I kept picking it back up, I kept starting a chapter and each one tends to place Broom or Broom’s family in a new setting or situation, but there was just insufficient content about the things in her life that were interesting (running an NGO, going from lower middle class roots to media prominence, working at the New Orleans mayoral office during the post Katrina rebuild, being the youngest child of 12, her elder brother’s drug addiction and totally forgiven intrafamilial theft etc) and far too much about things that weren’t interesting (school uniforms, trying to seem more middle class than they were, descriptions of minor house repairs etc).

This is a book that fails to express how interesting Broom’s life has been. There is no sense of perspective… because Broom’s family and her family home are interesting to her, she writes as if they are fundamentally interesting.

Isn’t it, yknow, just pretty passé to really like your family?

Why would anyone want to read about that?

The blanket forgiveness from the family offered to her brother for his near-constant theft to support his drug habit is treated as a given, rather than interrogated and explored as the incredibly generous, kind and exceptionally optimistic act that it was.

A person is not obliged to love people just because you’re related to them, and behaving as if that’s the case is something that allows for – and fosters – neglect.

This book is episodic, but every episode is less fun to see than the synopsis is to read.

The prose has the powerless vacuity of Roger Moore’s ghostwritten memoir.

This is a boring book that somehow manages to take genuinely exciting, unique and important experiences and insights and water them down amongst an incredibly old-school book of cheap, uninteresting, familial affection.

It reads like a celebrity memoir, but it isn’t written by a celebrity.

Don’t believe the hype.

Incredibly American. And I mean that in the sneeriest way possible.


Buy Me a Coffee at ko-fi.com

Thank you so much for reading TriumphoftheNow.com! If you like what you’ve read, please subscribe, share and order one of my books. If you love what you’ve read, why not order me something frivolous and noisy from this Amazon wishlist or make a quick donation via my ko-fi page?

I’m currently focusing on parenting and creative practice, so small donations are appreciated now more than ever!


scott manley hadley aka SOLID BALD live

Here’s a video of me recently performing at the prestigious (it has a Wikipedia page) comedy night, Quantum Leopard. Listen to how much fun the crowd is having. You could have that much fun, too!

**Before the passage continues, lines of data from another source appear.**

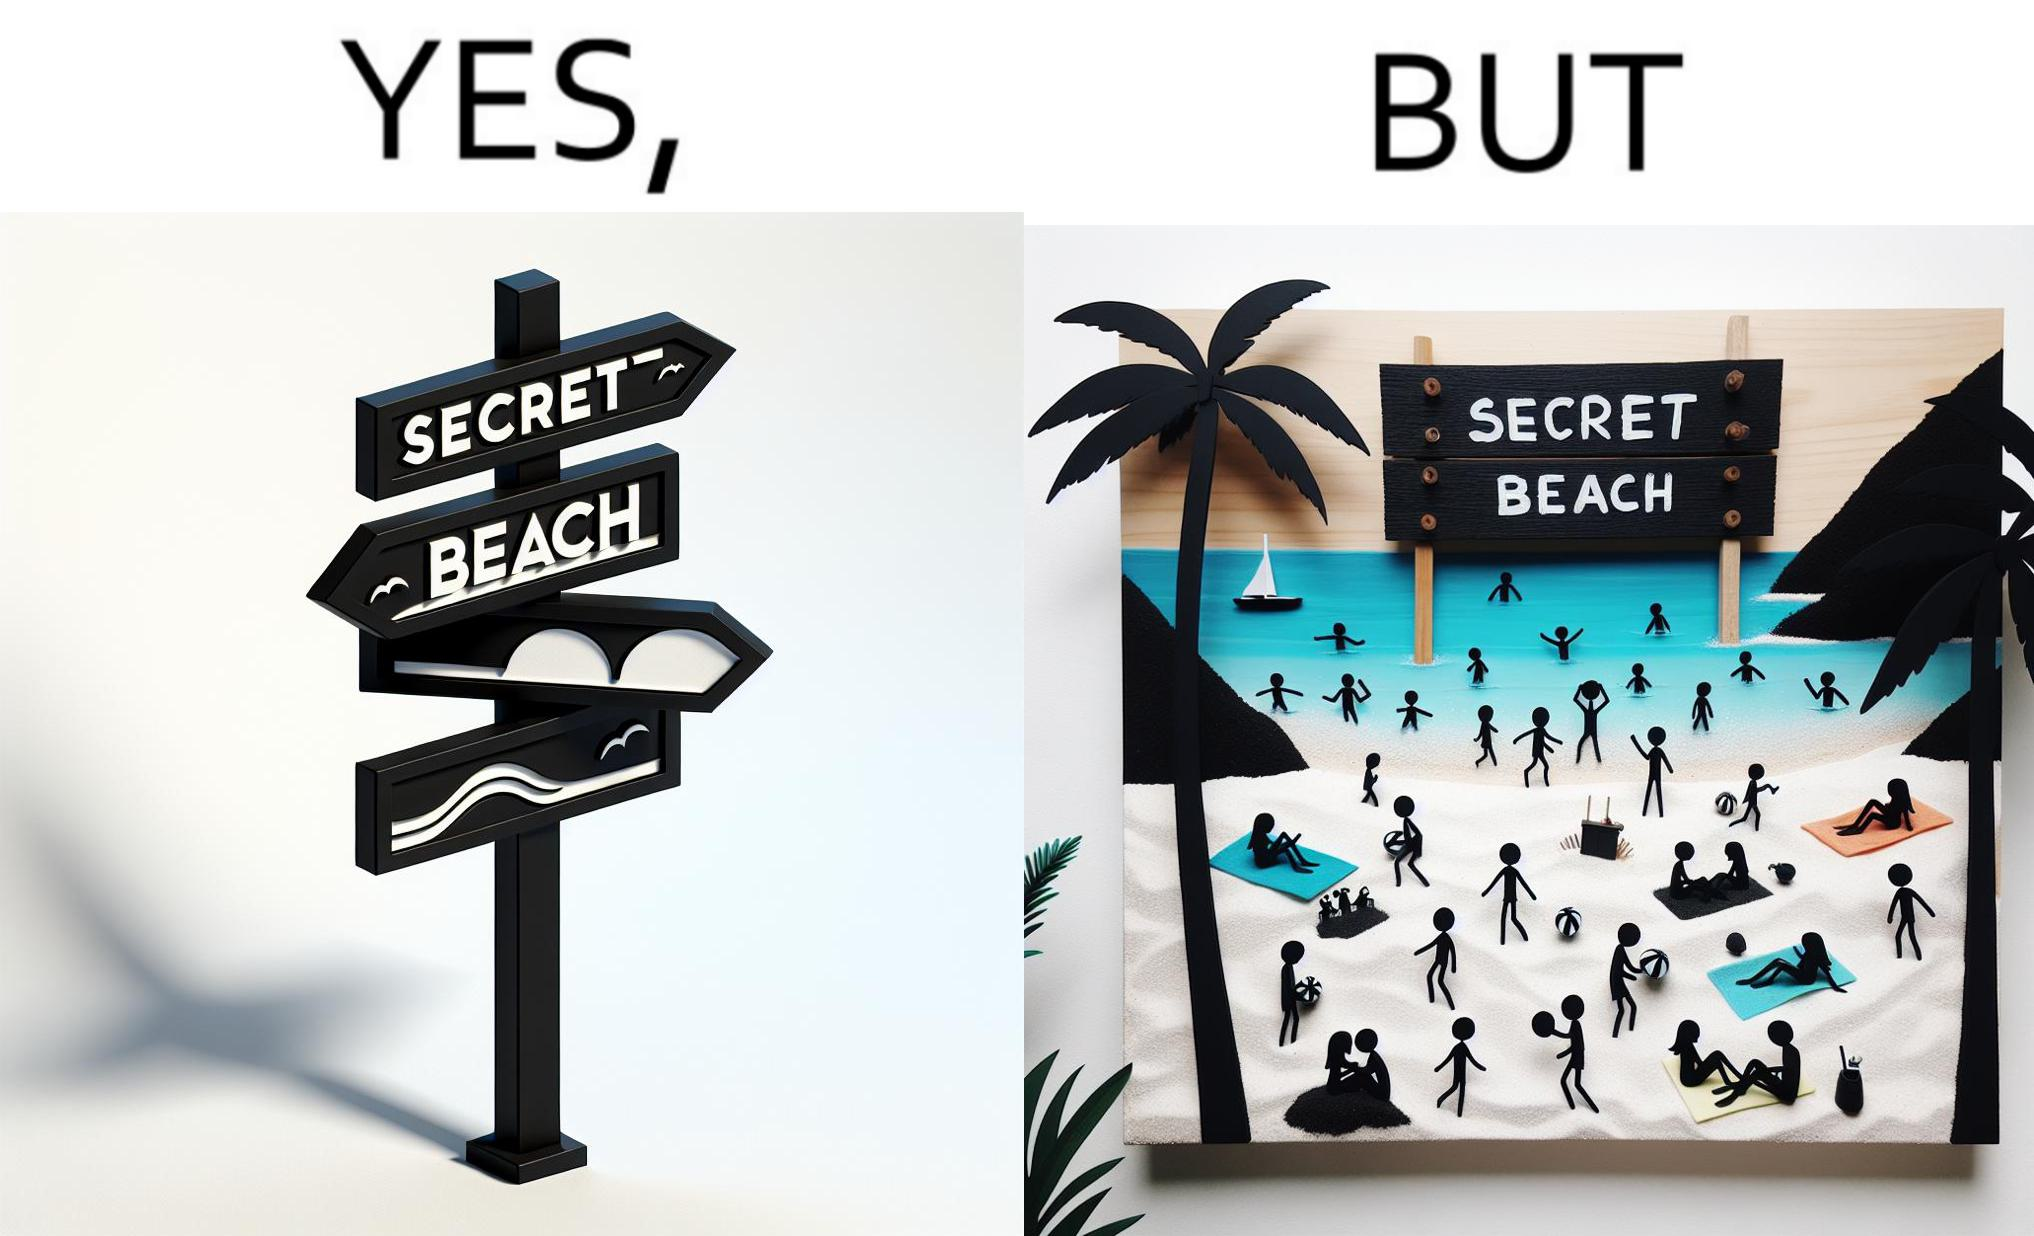Why is this image considered satirical? The image is ironical, as people can be seen in the beach, and is clearly not a secret, while the board at the entrance has "Secret Beach" written on it. 
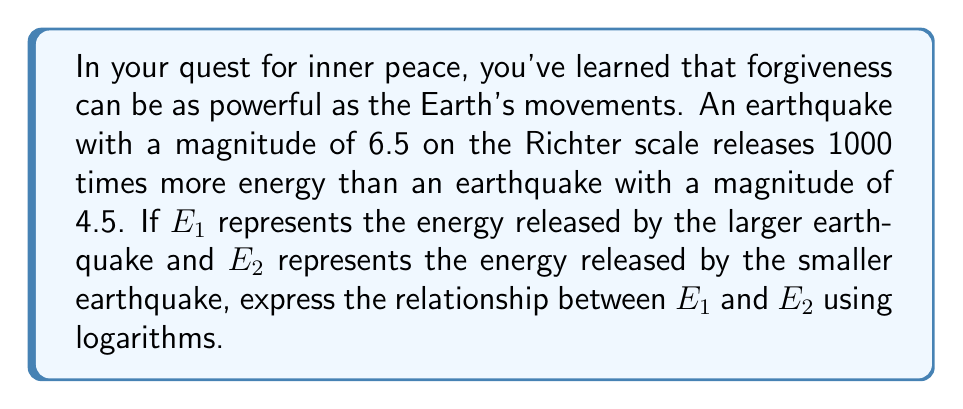Solve this math problem. Let's approach this step-by-step:

1) The Richter scale is logarithmic, based on the equation:
   $M = \log_{10}(A) + C$
   where $M$ is the magnitude, $A$ is the amplitude, and $C$ is a constant.

2) We're told that the difference in magnitude (6.5 - 4.5 = 2) corresponds to a 1000-fold increase in energy.

3) In general, for the Richter scale, a difference of 1 in magnitude corresponds to a 10-fold increase in ground motion amplitude, which correlates to about a 31.6-fold (√1000) increase in energy.

4) For a difference of 2 in magnitude, we square this: $31.6^2 = 1000$

5) We can express this relationship as:
   $\frac{E_1}{E_2} = 1000$

6) Taking the logarithm of both sides:
   $\log_{10}(\frac{E_1}{E_2}) = \log_{10}(1000)$

7) Using the logarithm property $\log_a(\frac{x}{y}) = \log_a(x) - \log_a(y)$:
   $\log_{10}(E_1) - \log_{10}(E_2) = \log_{10}(1000) = 3$

8) Therefore, the relationship can be expressed as:
   $\log_{10}(E_1) = \log_{10}(E_2) + 3$

This equation shows how the energies of the two earthquakes are related logarithmically, reflecting the nature of the Richter scale.
Answer: $\log_{10}(E_1) = \log_{10}(E_2) + 3$ 
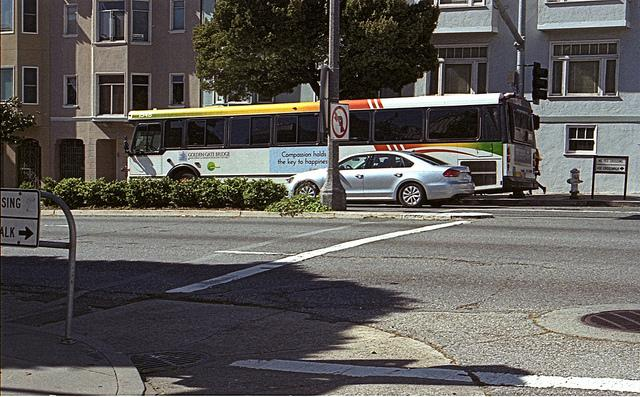What is the car next to? bus 
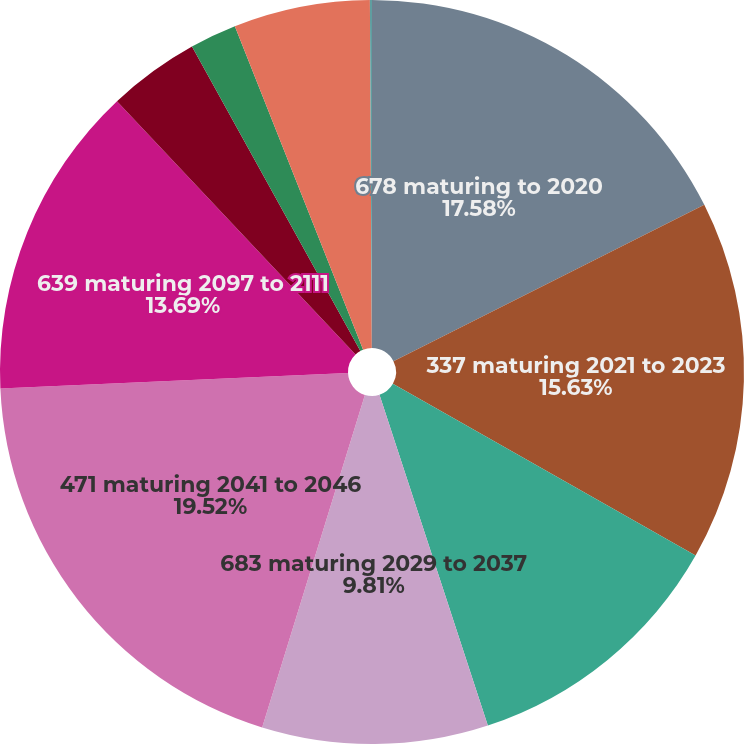<chart> <loc_0><loc_0><loc_500><loc_500><pie_chart><fcel>678 maturing to 2020<fcel>337 maturing 2021 to 2023<fcel>571 maturing 2024 to 2027<fcel>683 maturing 2029 to 2037<fcel>471 maturing 2041 to 2046<fcel>639 maturing 2097 to 2111<fcel>Securitization borrowings 148<fcel>Other debt 821 maturing to<fcel>Discounts and premiums net<fcel>Debt issuance costs<nl><fcel>17.58%<fcel>15.63%<fcel>11.75%<fcel>9.81%<fcel>19.52%<fcel>13.69%<fcel>3.98%<fcel>2.03%<fcel>5.92%<fcel>0.09%<nl></chart> 
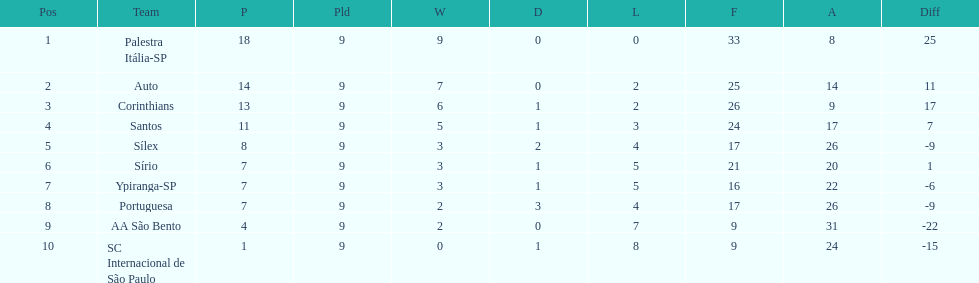In the 1926 brazilian football season, how many squads accumulated over 10 points? 4.

Forthcoming gigs include the following – there may/will be others:

18th February 2026, 7.30pm: Laughable, Wanstead Library

26th February 2026: Mirth Control, Bexhill-on-Sea

12th March 2025: BALD PERSONALITY DISORDER 30 MIN WIP at Glasgow International Comedy Festival

26th March 2026, 7.30pm: Comedy @ Cosmic, Plymouth

May 2026: BALD PERSONALITY DISORDER FULL LENGTH WIP at the BRIGHTON FRINGE


Discover more from Triumph Of The Now

Subscribe to get the latest posts sent to your email.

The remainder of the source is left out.